What this task involves:
State the count of lines below in which the word "image" appears, and add nothing.

Records from a dataset:

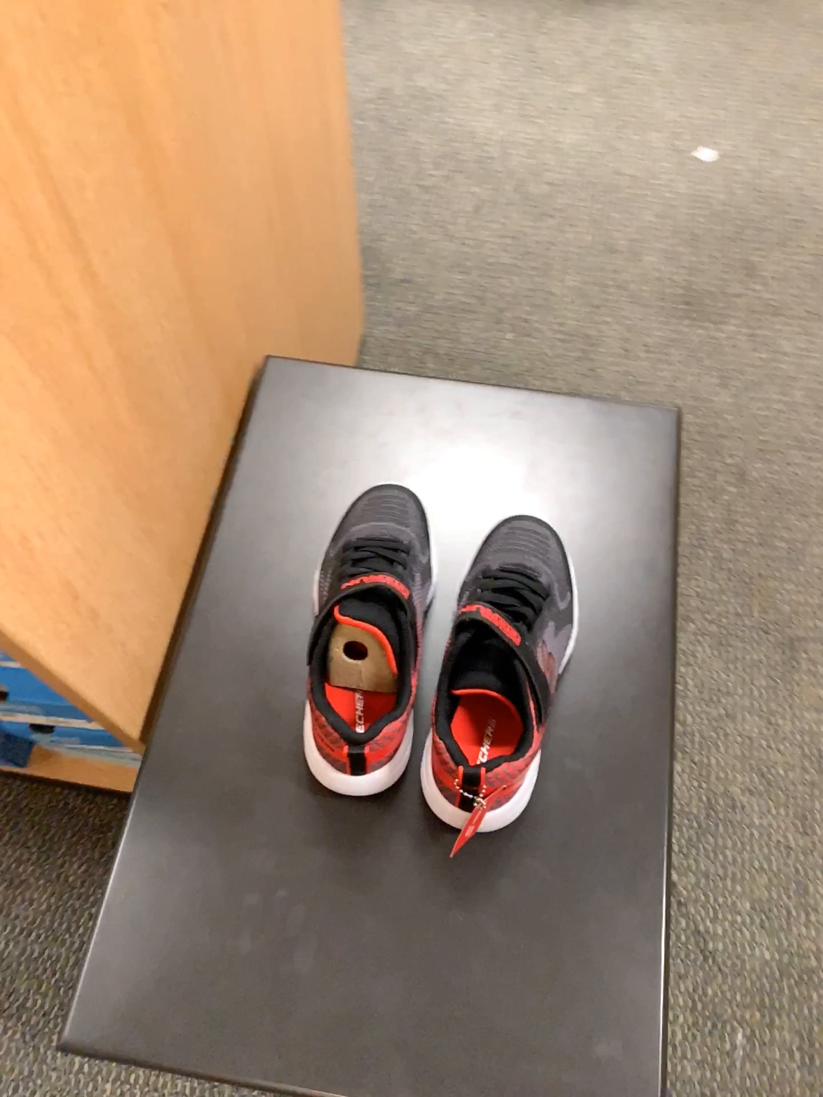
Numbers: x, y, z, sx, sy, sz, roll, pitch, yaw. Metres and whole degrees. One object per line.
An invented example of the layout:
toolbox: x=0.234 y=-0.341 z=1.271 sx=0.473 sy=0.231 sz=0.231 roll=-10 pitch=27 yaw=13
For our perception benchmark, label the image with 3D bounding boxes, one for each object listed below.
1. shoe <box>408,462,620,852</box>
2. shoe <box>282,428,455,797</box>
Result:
shoe: x=0.073 y=0.070 z=0.583 sx=0.098 sy=0.080 sz=0.240 roll=11 pitch=64 yaw=6
shoe: x=-0.023 y=0.040 z=0.588 sx=0.090 sy=0.080 sz=0.240 roll=4 pitch=63 yaw=2
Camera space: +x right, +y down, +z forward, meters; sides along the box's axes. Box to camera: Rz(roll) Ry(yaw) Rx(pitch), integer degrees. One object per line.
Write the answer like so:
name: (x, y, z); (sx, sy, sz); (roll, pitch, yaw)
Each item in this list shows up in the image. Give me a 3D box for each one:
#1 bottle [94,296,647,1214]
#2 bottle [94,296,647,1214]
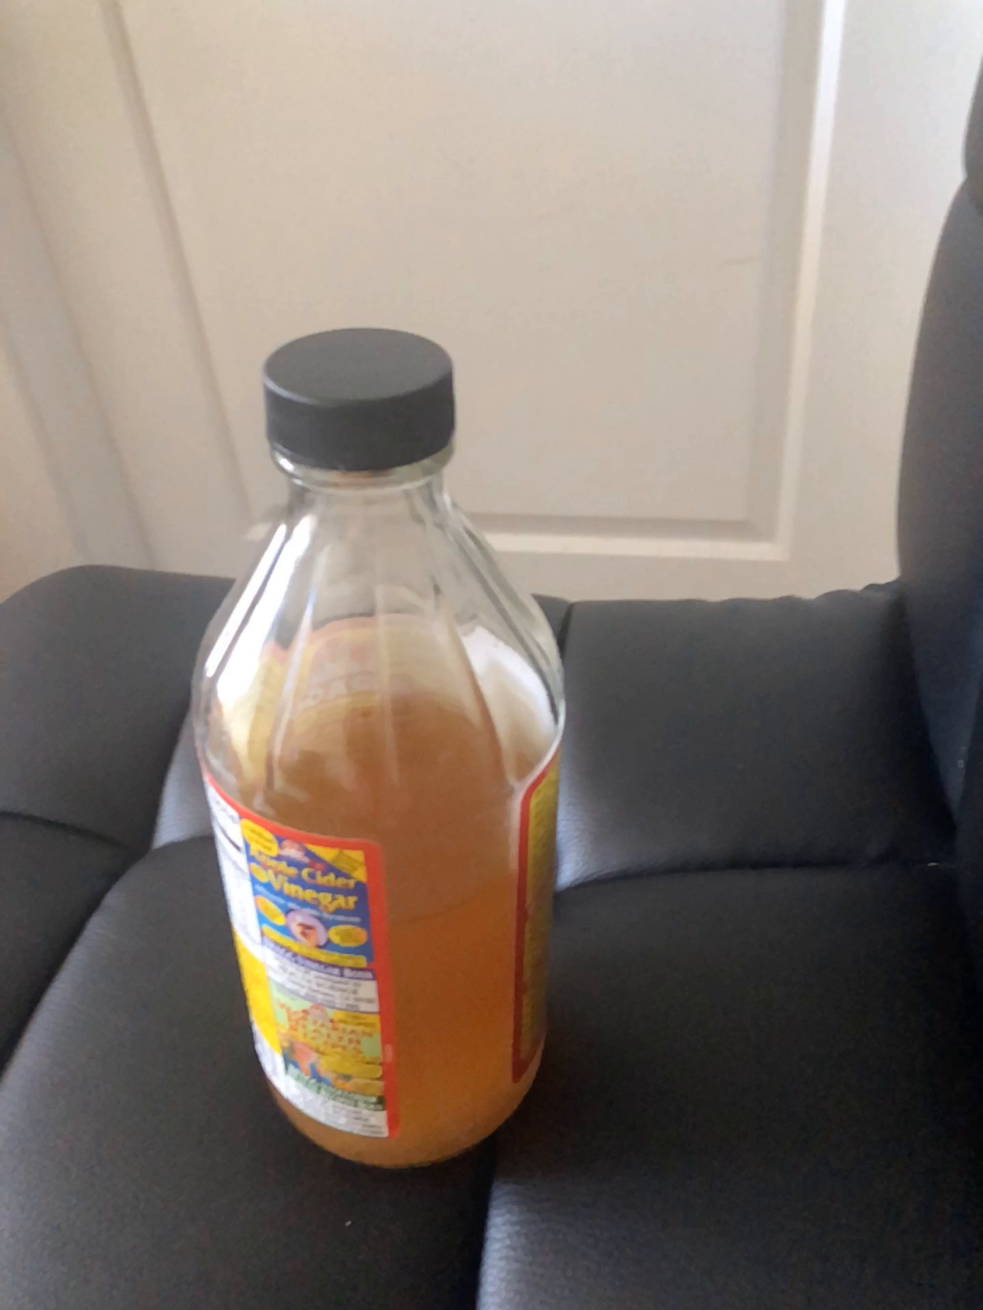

Solution to this exercise:
2